Pembelajaran tatap muka normal yang dibayangi kecemasan menyebarnya virus korona di lingkungan sekolah kini mulai mendekati kenyataan. Pembelajaran tatap muka normal belum sebulan dijalankan, kluster sekolah bermunculan di sejumlah daerah. Di DKI Jakarta, misalnya, berdasarkan data per 22 Januari 2022, kasus positif Covid-19 kluster sekolah terdiri dari 120, 9 guru, dan 6 tenaga kependidikan. Dampak adanya kluster sekolah, 90 sekolah di Jakarta telah menutup pembelajaran tatap muka 100 persen (detik.com, 26/01/2022). Daerah lain juga melaporkan bertambahnya jumlah kluster sekolah seperti Surakarta, Depok, Bogor, Bekasi, Solo, Yogjakarta.

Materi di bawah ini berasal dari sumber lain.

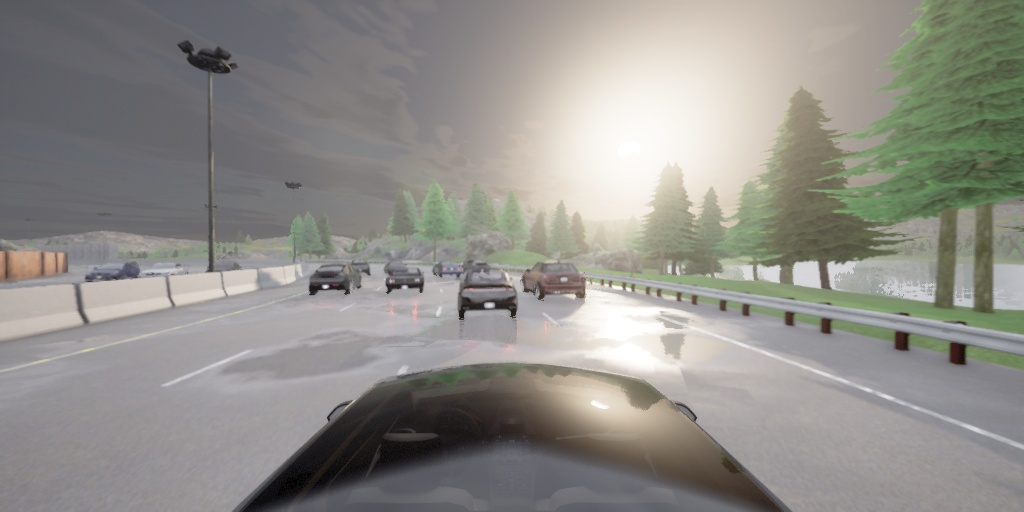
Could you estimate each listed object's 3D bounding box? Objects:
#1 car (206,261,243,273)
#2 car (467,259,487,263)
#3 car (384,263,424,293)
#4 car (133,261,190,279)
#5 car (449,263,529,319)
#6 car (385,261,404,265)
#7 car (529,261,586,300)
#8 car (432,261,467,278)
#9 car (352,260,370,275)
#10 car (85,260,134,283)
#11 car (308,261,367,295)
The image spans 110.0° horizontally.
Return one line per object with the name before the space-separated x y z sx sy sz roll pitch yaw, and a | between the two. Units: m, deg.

Seiring dengan itu kasus positif korona dengan varian baru omicron kian merebak. Lonjakan kasus korona setiap hari semakin meningkat. Sejak tanggal 15 Januari 2022 kasus positif per hari menembus angka 1000. Walau dalam dua hari setelahnya kasus positif di bawah angka 1000 (16 Januari 2022 ada 855 kasus; 17 Januari 2022 ada 772 kasus), pada 18 Januari 2022 hingga kini peningkatan kasus selalu di atas angka ribuan. Data per tanggal 16 Pebruari 2022, terdapat penambahan 64.718 kasus, sehingga totalnya menjadi 4.966.046 kasus. Pasien yang sembuh sebanyak 25.386, sehingga total kasus sembuh 4.375.234. Sejauh ini kasus meninggal 145.622. Sehingga kasus aktif adalah 445.190.
Di tengah lonjakan kasus korona ini, keputusan pembelajaran tatap muka 100 persen perlu ditimbang kembali. Di masa pandemi Covid-19 proteksi terhadap keselamatan warga sekolah harus diutamakan. Semua kita harus berupaya melindungan diri dari serangan corona. Keselamatan diri adalah di atas segalanya.